お願いがきてから動き出す支援ユニットとは、まったくスピード感が違いますね。会議の進め方や、アレンジの仕方など、『あのときの●●さんはこうやって対応していたよな』などと、JICE時代の支援ユニットの記憶を総動員して、現在、なんとか対応しているところです。JICEの支援ユニットの経験がJICAの仕事でここまで生きるとは思いませんでした。

掛川さんの特別嘱託として現在の主な業務は、省エネルギー、太陽光、発電所のエネルギー効率改善といった案件担当のほか、分野横断的に環境社会配慮、気候変動対策対応だ。国名でいえば、インド、シリア、ネパール、南アフリカといった国々にかかわる。

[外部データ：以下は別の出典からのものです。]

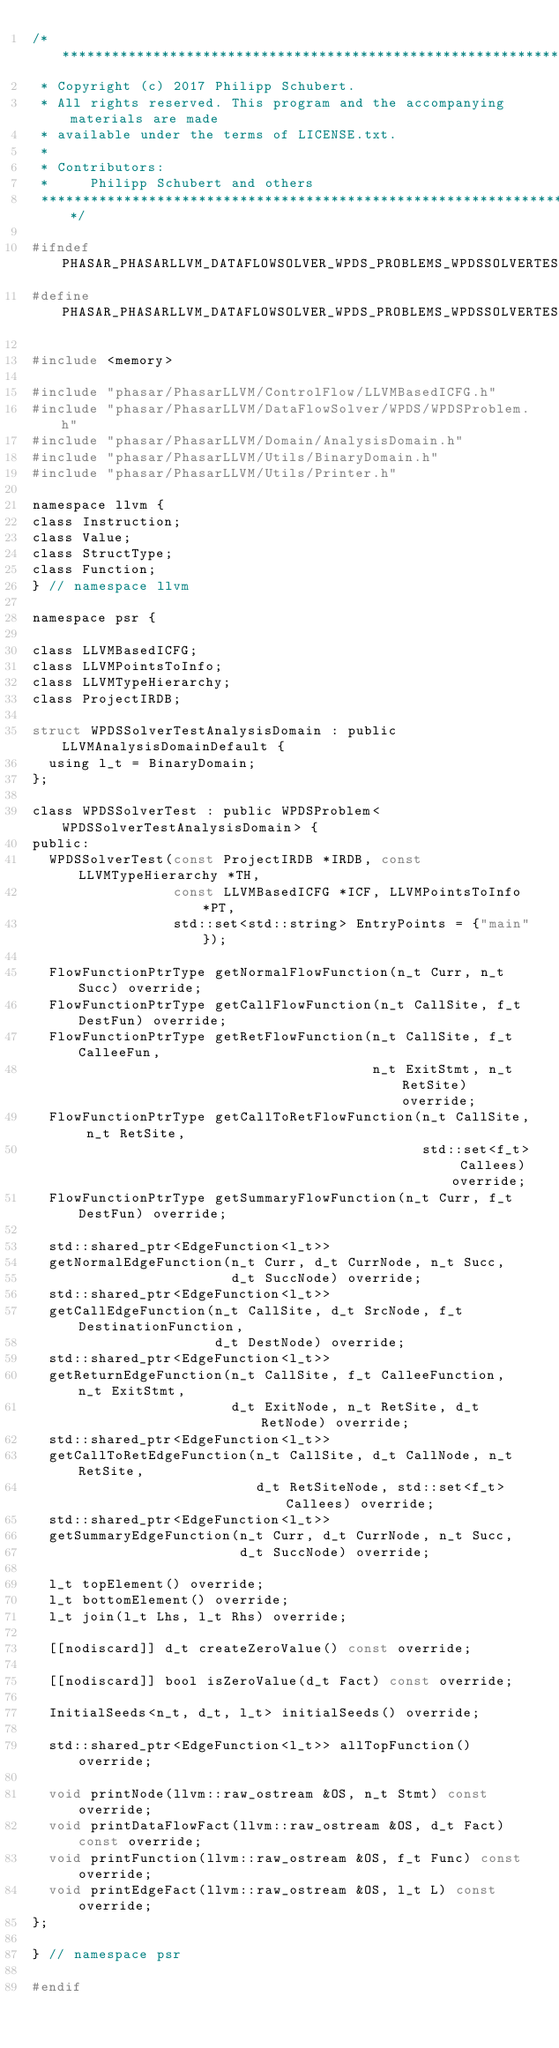<code> <loc_0><loc_0><loc_500><loc_500><_C_>/******************************************************************************
 * Copyright (c) 2017 Philipp Schubert.
 * All rights reserved. This program and the accompanying materials are made
 * available under the terms of LICENSE.txt.
 *
 * Contributors:
 *     Philipp Schubert and others
 *****************************************************************************/

#ifndef PHASAR_PHASARLLVM_DATAFLOWSOLVER_WPDS_PROBLEMS_WPDSSOLVERTEST_H
#define PHASAR_PHASARLLVM_DATAFLOWSOLVER_WPDS_PROBLEMS_WPDSSOLVERTEST_H

#include <memory>

#include "phasar/PhasarLLVM/ControlFlow/LLVMBasedICFG.h"
#include "phasar/PhasarLLVM/DataFlowSolver/WPDS/WPDSProblem.h"
#include "phasar/PhasarLLVM/Domain/AnalysisDomain.h"
#include "phasar/PhasarLLVM/Utils/BinaryDomain.h"
#include "phasar/PhasarLLVM/Utils/Printer.h"

namespace llvm {
class Instruction;
class Value;
class StructType;
class Function;
} // namespace llvm

namespace psr {

class LLVMBasedICFG;
class LLVMPointsToInfo;
class LLVMTypeHierarchy;
class ProjectIRDB;

struct WPDSSolverTestAnalysisDomain : public LLVMAnalysisDomainDefault {
  using l_t = BinaryDomain;
};

class WPDSSolverTest : public WPDSProblem<WPDSSolverTestAnalysisDomain> {
public:
  WPDSSolverTest(const ProjectIRDB *IRDB, const LLVMTypeHierarchy *TH,
                 const LLVMBasedICFG *ICF, LLVMPointsToInfo *PT,
                 std::set<std::string> EntryPoints = {"main"});

  FlowFunctionPtrType getNormalFlowFunction(n_t Curr, n_t Succ) override;
  FlowFunctionPtrType getCallFlowFunction(n_t CallSite, f_t DestFun) override;
  FlowFunctionPtrType getRetFlowFunction(n_t CallSite, f_t CalleeFun,
                                         n_t ExitStmt, n_t RetSite) override;
  FlowFunctionPtrType getCallToRetFlowFunction(n_t CallSite, n_t RetSite,
                                               std::set<f_t> Callees) override;
  FlowFunctionPtrType getSummaryFlowFunction(n_t Curr, f_t DestFun) override;

  std::shared_ptr<EdgeFunction<l_t>>
  getNormalEdgeFunction(n_t Curr, d_t CurrNode, n_t Succ,
                        d_t SuccNode) override;
  std::shared_ptr<EdgeFunction<l_t>>
  getCallEdgeFunction(n_t CallSite, d_t SrcNode, f_t DestinationFunction,
                      d_t DestNode) override;
  std::shared_ptr<EdgeFunction<l_t>>
  getReturnEdgeFunction(n_t CallSite, f_t CalleeFunction, n_t ExitStmt,
                        d_t ExitNode, n_t RetSite, d_t RetNode) override;
  std::shared_ptr<EdgeFunction<l_t>>
  getCallToRetEdgeFunction(n_t CallSite, d_t CallNode, n_t RetSite,
                           d_t RetSiteNode, std::set<f_t> Callees) override;
  std::shared_ptr<EdgeFunction<l_t>>
  getSummaryEdgeFunction(n_t Curr, d_t CurrNode, n_t Succ,
                         d_t SuccNode) override;

  l_t topElement() override;
  l_t bottomElement() override;
  l_t join(l_t Lhs, l_t Rhs) override;

  [[nodiscard]] d_t createZeroValue() const override;

  [[nodiscard]] bool isZeroValue(d_t Fact) const override;

  InitialSeeds<n_t, d_t, l_t> initialSeeds() override;

  std::shared_ptr<EdgeFunction<l_t>> allTopFunction() override;

  void printNode(llvm::raw_ostream &OS, n_t Stmt) const override;
  void printDataFlowFact(llvm::raw_ostream &OS, d_t Fact) const override;
  void printFunction(llvm::raw_ostream &OS, f_t Func) const override;
  void printEdgeFact(llvm::raw_ostream &OS, l_t L) const override;
};

} // namespace psr

#endif
</code> 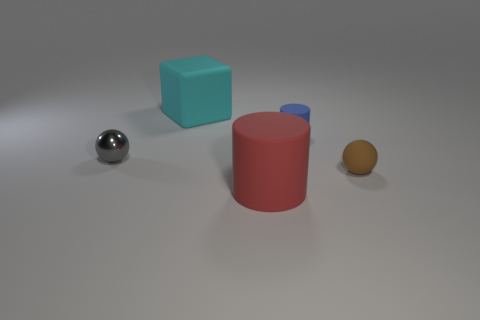Add 5 red matte cylinders. How many objects exist? 10 Subtract 1 cylinders. How many cylinders are left? 1 Subtract all green cylinders. Subtract all red balls. How many cylinders are left? 2 Subtract all blue blocks. How many green balls are left? 0 Subtract all balls. Subtract all small brown things. How many objects are left? 2 Add 5 brown rubber things. How many brown rubber things are left? 6 Add 4 shiny things. How many shiny things exist? 5 Subtract 1 gray balls. How many objects are left? 4 Subtract all cylinders. How many objects are left? 3 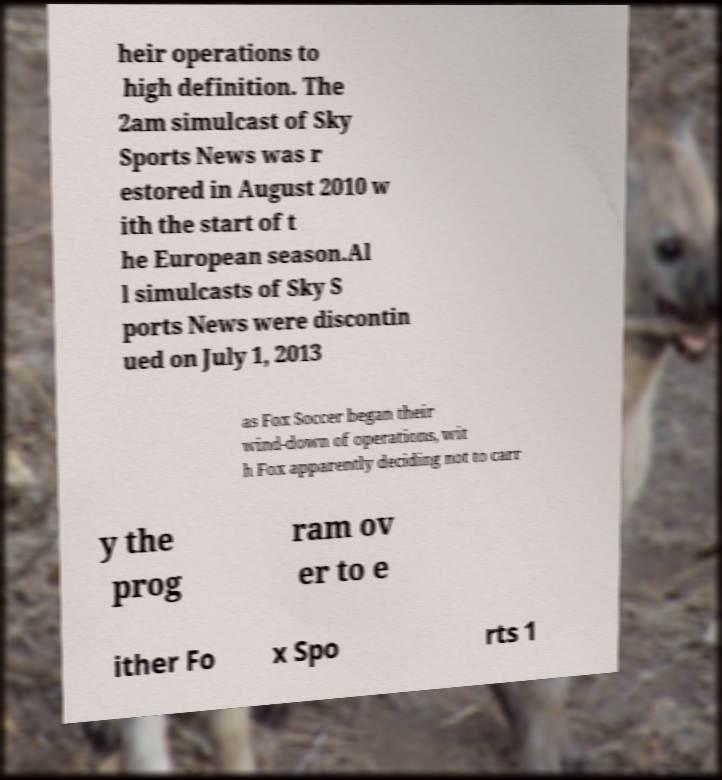There's text embedded in this image that I need extracted. Can you transcribe it verbatim? heir operations to high definition. The 2am simulcast of Sky Sports News was r estored in August 2010 w ith the start of t he European season.Al l simulcasts of Sky S ports News were discontin ued on July 1, 2013 as Fox Soccer began their wind-down of operations, wit h Fox apparently deciding not to carr y the prog ram ov er to e ither Fo x Spo rts 1 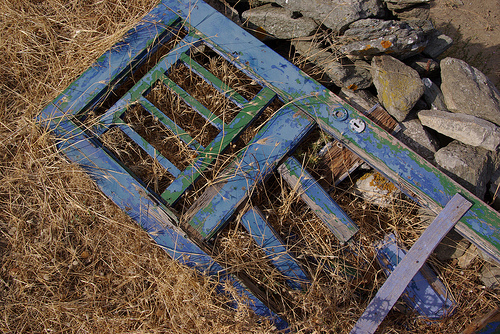<image>
Can you confirm if the door is under the straw? No. The door is not positioned under the straw. The vertical relationship between these objects is different.

海外には年に4,5回出ています。インドではプロジェクトの計画監理や作業監理のほか、日印政策対話のセミナーにも出席したことがあります。また、シリアに環境調査担当の団員として行ったときには、大学院時代の環境マネジメントの知識が役に立ちました。
ユーザが追加した画像

特別嘱託は一年契約で、その後、その分野の専門家として海外に派遣されるのが原則だ。掛川さんは今後もJICEで培った経験、大学院で得た知識を、国際協力の世界で開花させていくのだろう。
「JICEの経験とJICAでの特別嘱託はワンセットのようなもの」と掛川さん。

※本インタビューは、「知りたい、採用する人される人」で公開していた内容と同一です。